Tuesday, 24 January 2017: 10:30 AM
310 (Washington State Convention Center )
In this study, we use an artificial convolutional neural network to produce probabilistic precipitation categorizations based on atmospheric profiles from the Global Ensemble Forecast System (GFS). Traditional precipitation classification techniques often rely on a derived set of physical parameters which summarize an atmospheric profile, and classifications are made following a rule-based algorithm. In our approach, advanced machine learning techniques discover natural summary features by learning from an example set where observed precipitation types are matched with the GFS model profiles that produced them. The neural network considers location-dependent climatological precipitation probabilities and model-generated vertical profiles of temperature, wet-bulb temperature, and specific humidity as predictors.
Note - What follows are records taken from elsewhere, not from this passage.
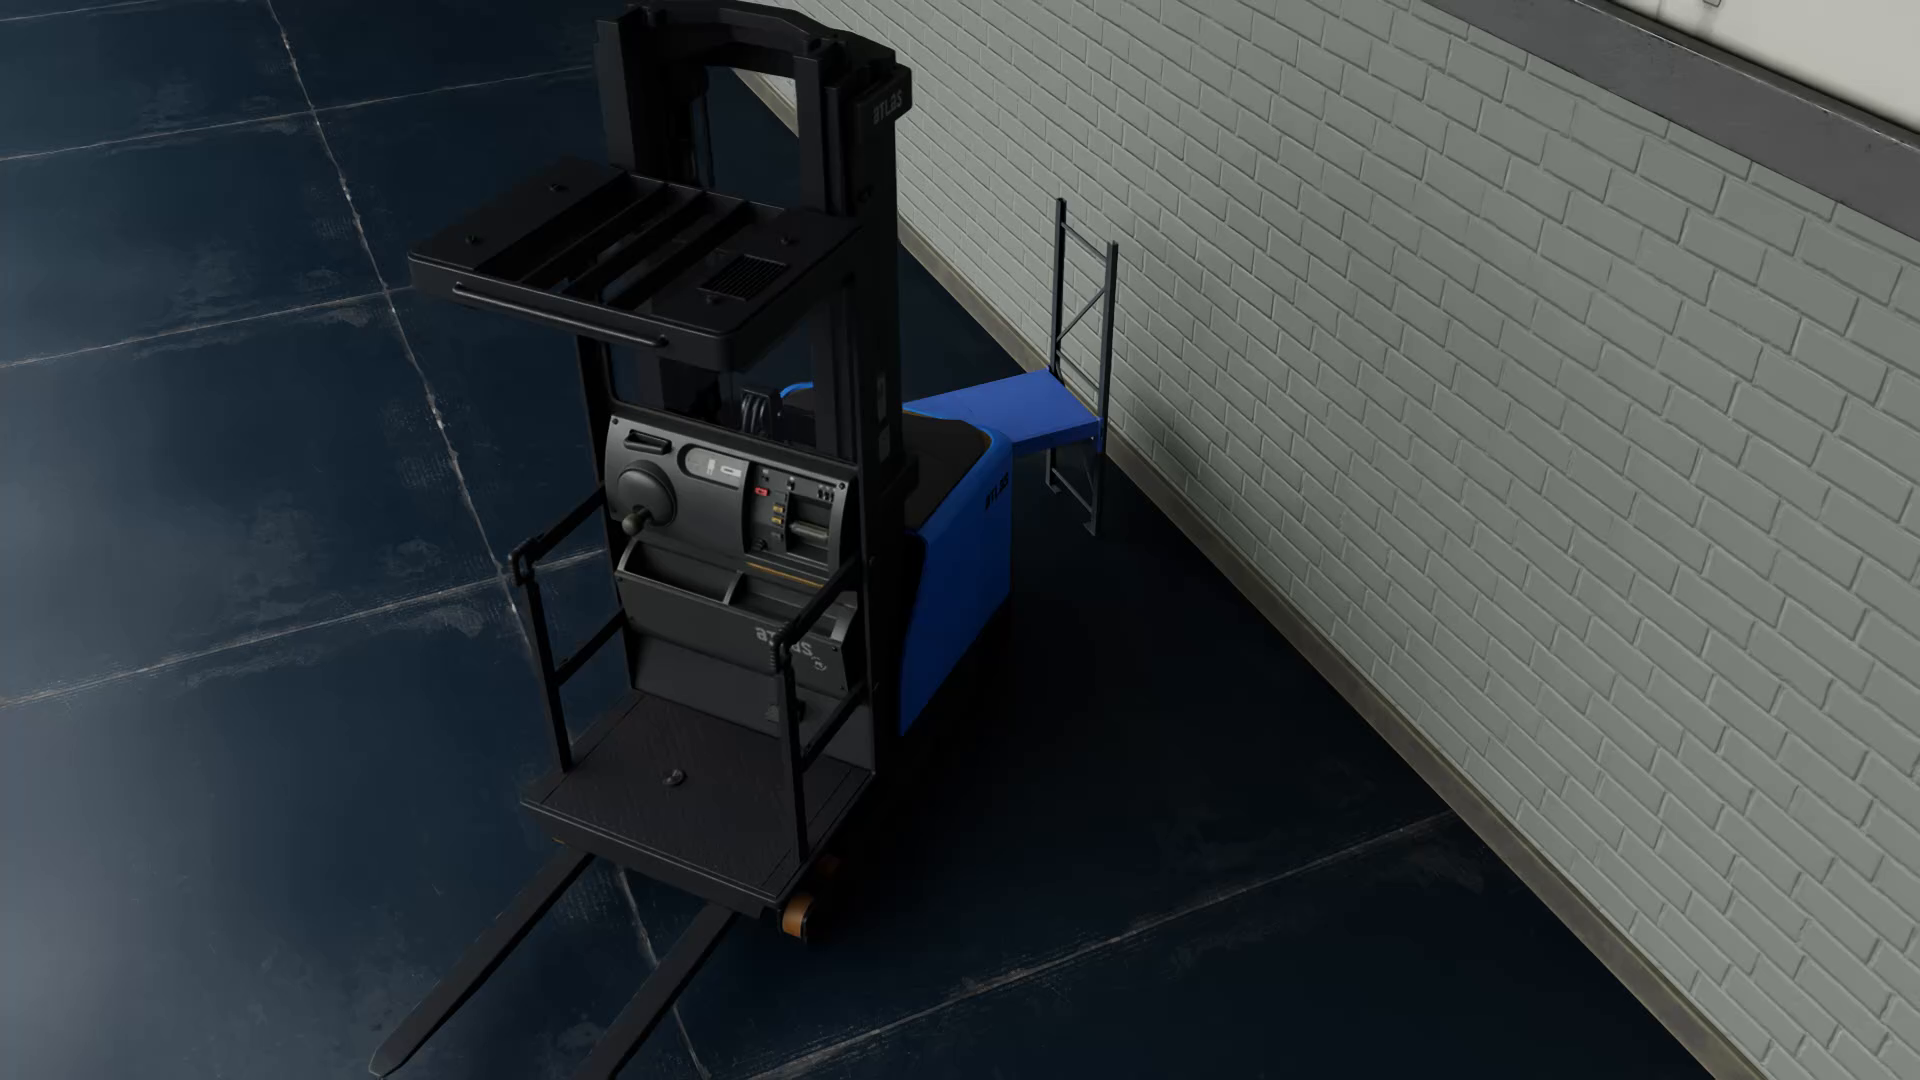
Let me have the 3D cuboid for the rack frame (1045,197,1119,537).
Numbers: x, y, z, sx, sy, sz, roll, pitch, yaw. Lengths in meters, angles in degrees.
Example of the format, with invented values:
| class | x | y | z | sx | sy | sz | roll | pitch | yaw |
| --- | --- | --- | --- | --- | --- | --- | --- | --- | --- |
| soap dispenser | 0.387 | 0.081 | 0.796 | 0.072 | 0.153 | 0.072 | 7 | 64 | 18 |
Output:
| class | x | y | z | sx | sy | sz | roll | pitch | yaw |
| --- | --- | --- | --- | --- | --- | --- | --- | --- | --- |
| rack frame | 0.537 | -0.753 | 7.506 | 0.032 | 1.500 | 0.500 | -16 | 39 | -20 |

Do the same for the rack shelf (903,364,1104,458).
| class | x | y | z | sx | sy | sz | roll | pitch | yaw |
| --- | --- | --- | --- | --- | --- | --- | --- | --- | --- |
| rack shelf | 0.077 | -0.480 | 7.439 | 1.000 | 0.185 | 0.538 | -16 | 39 | -20 |

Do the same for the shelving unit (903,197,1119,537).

Following a series of mathematical variable transformations, it maps those profile inputs into an independent probability distribution over precipitation type labels. Even though the limited spatial and temporal resolution of the GFS allows only a coarse representation of the temperature and specific humidity profiles, the trained network performs very well on rain and snow categories (RA, SN), but also shows skill for traditionally difficult categories such as ice pellets (IP) and freezing rain (FRZA). Finally, model peformance is compared to traditional precipitation type algorithms to assess relative changes in predictability.